──────── Record set ────────

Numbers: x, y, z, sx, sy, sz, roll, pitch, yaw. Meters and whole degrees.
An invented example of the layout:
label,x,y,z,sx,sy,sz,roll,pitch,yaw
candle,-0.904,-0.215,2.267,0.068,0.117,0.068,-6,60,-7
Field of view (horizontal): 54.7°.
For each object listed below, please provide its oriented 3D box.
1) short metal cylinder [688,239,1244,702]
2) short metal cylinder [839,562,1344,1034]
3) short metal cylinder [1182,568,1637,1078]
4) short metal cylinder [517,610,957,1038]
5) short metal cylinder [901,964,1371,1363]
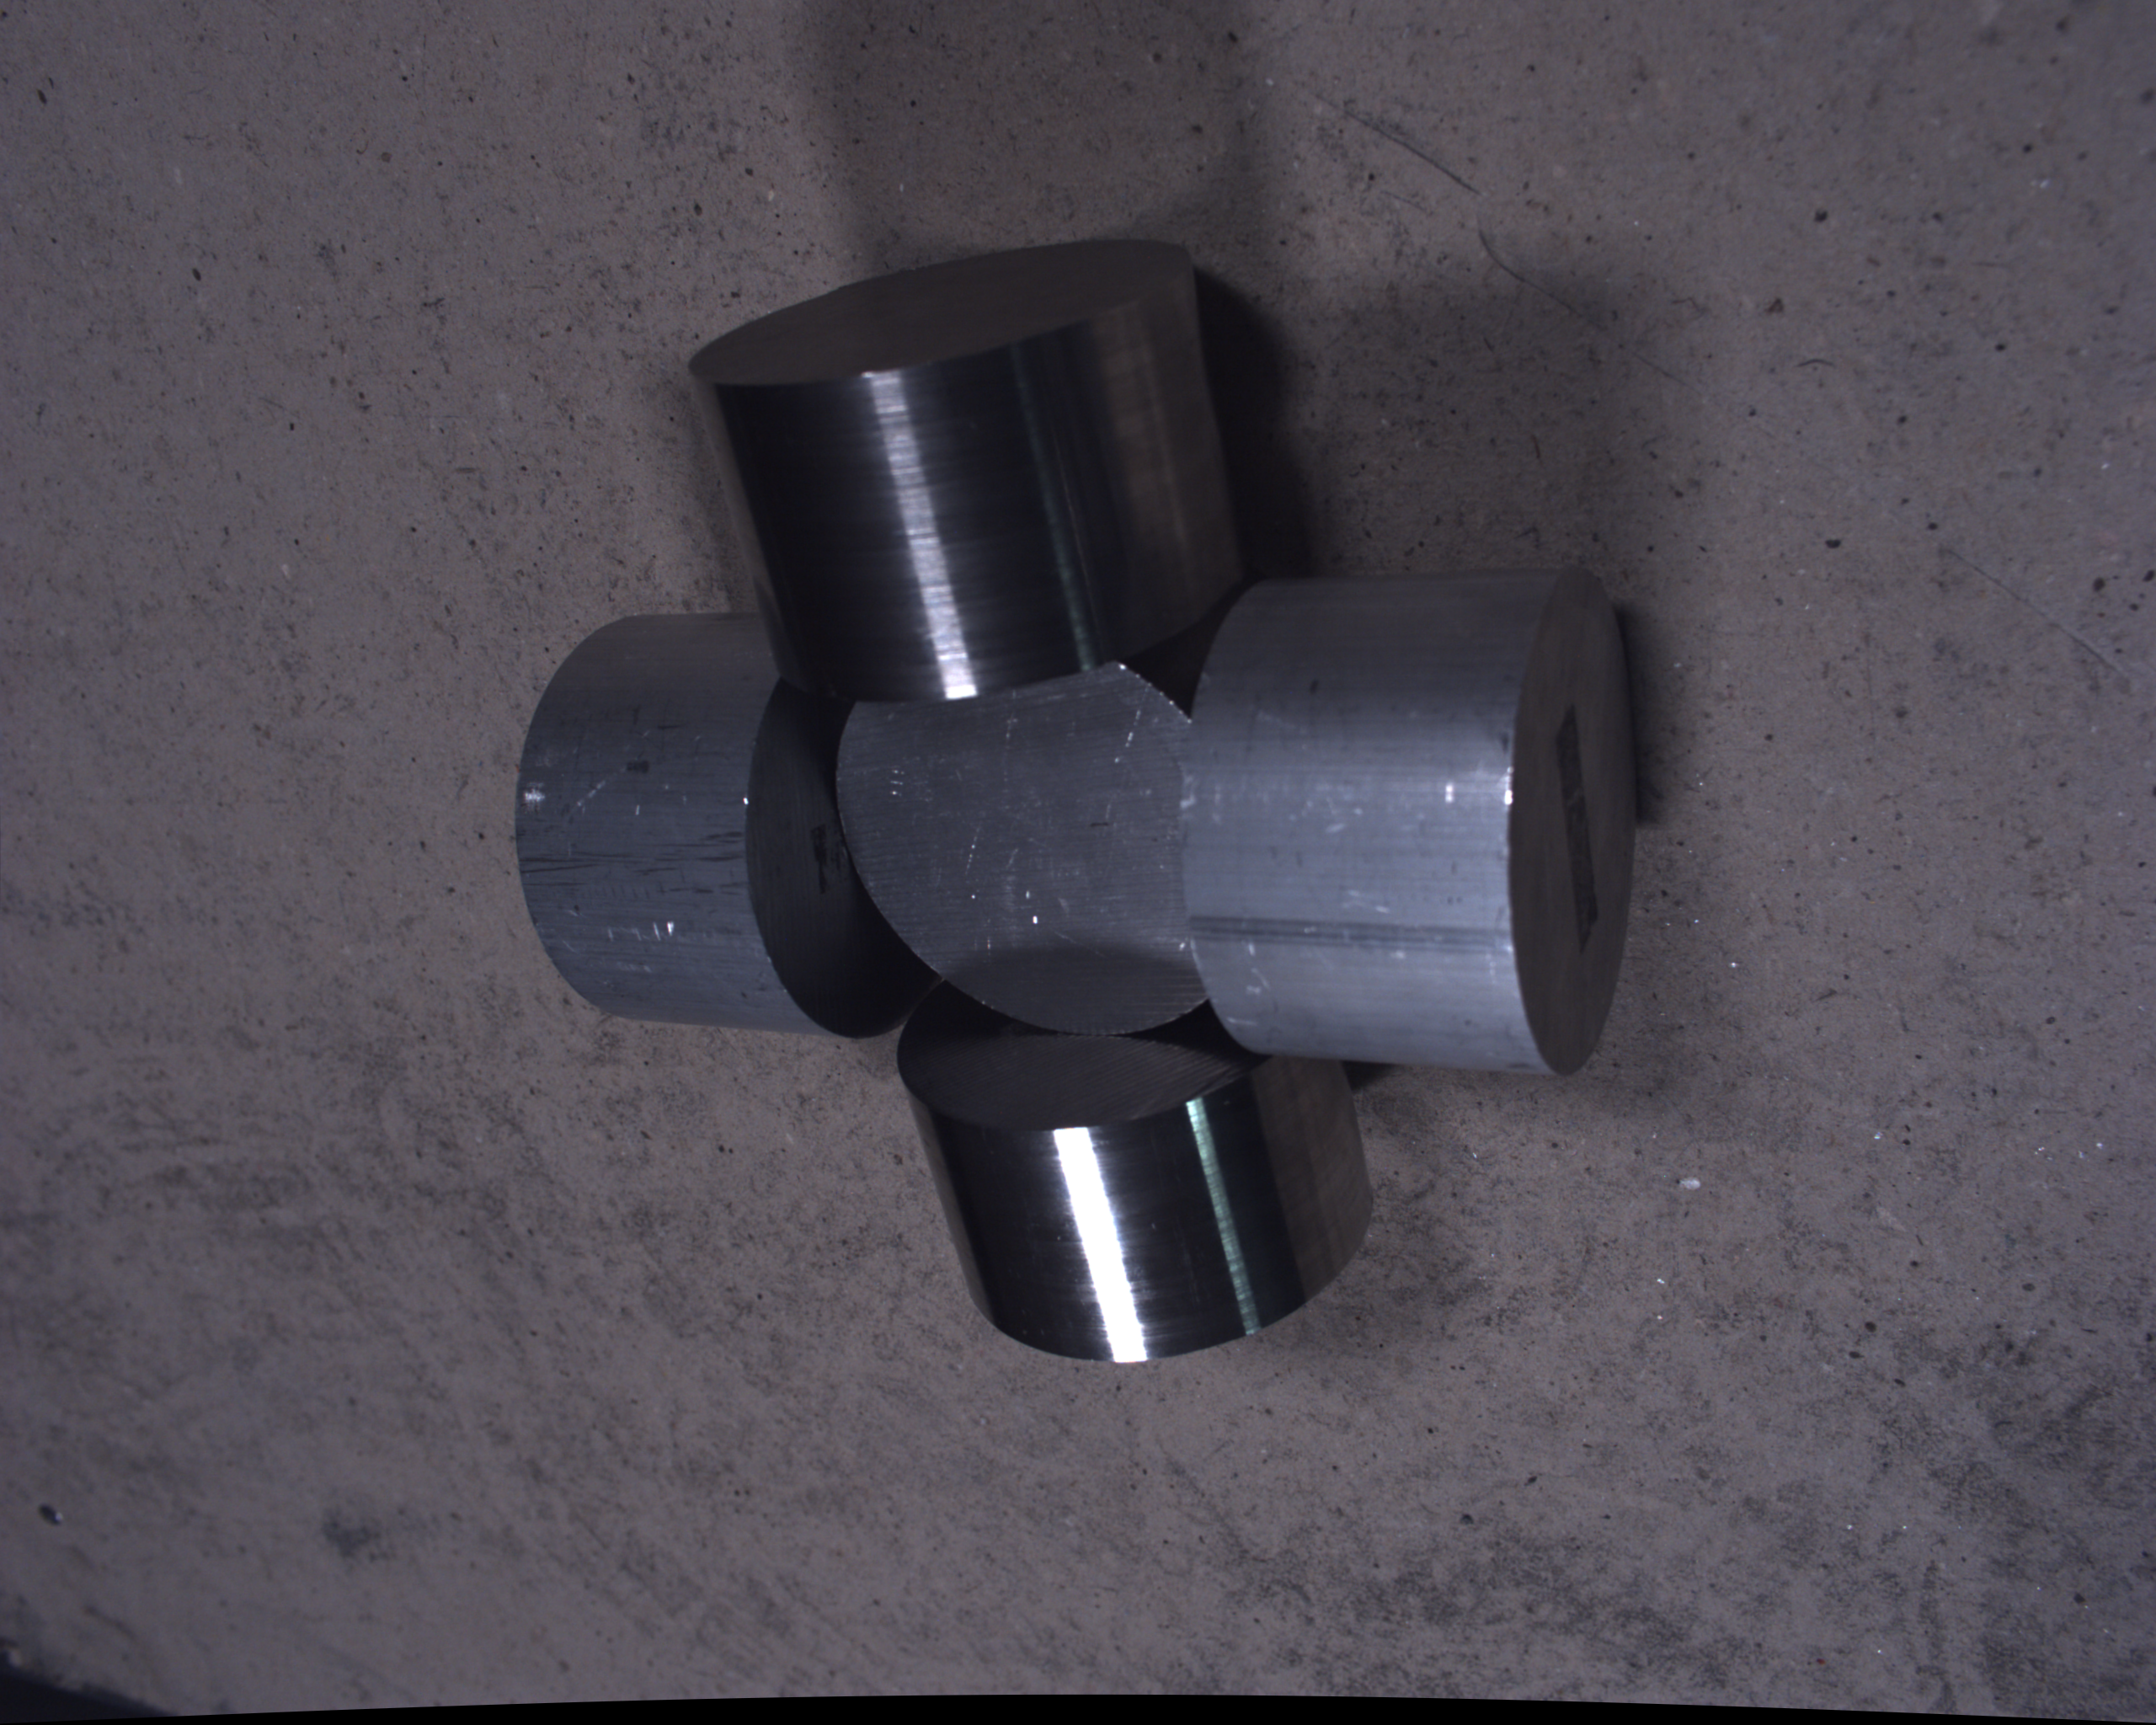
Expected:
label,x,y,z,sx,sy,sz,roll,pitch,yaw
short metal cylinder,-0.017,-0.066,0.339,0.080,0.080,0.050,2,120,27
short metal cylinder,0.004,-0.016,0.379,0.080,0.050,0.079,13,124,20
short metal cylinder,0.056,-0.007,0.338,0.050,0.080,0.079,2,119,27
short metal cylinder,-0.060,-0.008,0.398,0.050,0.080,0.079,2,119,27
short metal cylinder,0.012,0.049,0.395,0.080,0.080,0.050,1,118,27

────────

> [What is expected]: Give the listing again word for word, but drop every picture.

> [Expected answer]:
Numbers: x, y, z, sx, sy, sz, roll, pitch, yaw. Meters and whole degrees.
An invented example of the layout:
label,x,y,z,sx,sy,sz,roll,pitch,yaw
candle,-0.904,-0.215,2.267,0.068,0.117,0.068,-6,60,-7
Field of view (horizontal): 54.7°.
For each object listed below, please provide its oriented 3D box.
1) short metal cylinder [688,239,1244,702]
2) short metal cylinder [839,562,1344,1034]
3) short metal cylinder [1182,568,1637,1078]
4) short metal cylinder [517,610,957,1038]
5) short metal cylinder [901,964,1371,1363]
Expected:
label,x,y,z,sx,sy,sz,roll,pitch,yaw
short metal cylinder,-0.017,-0.066,0.339,0.080,0.080,0.050,2,120,27
short metal cylinder,0.004,-0.016,0.379,0.080,0.050,0.079,13,124,20
short metal cylinder,0.056,-0.007,0.338,0.050,0.080,0.079,2,119,27
short metal cylinder,-0.060,-0.008,0.398,0.050,0.080,0.079,2,119,27
short metal cylinder,0.012,0.049,0.395,0.080,0.080,0.050,1,118,27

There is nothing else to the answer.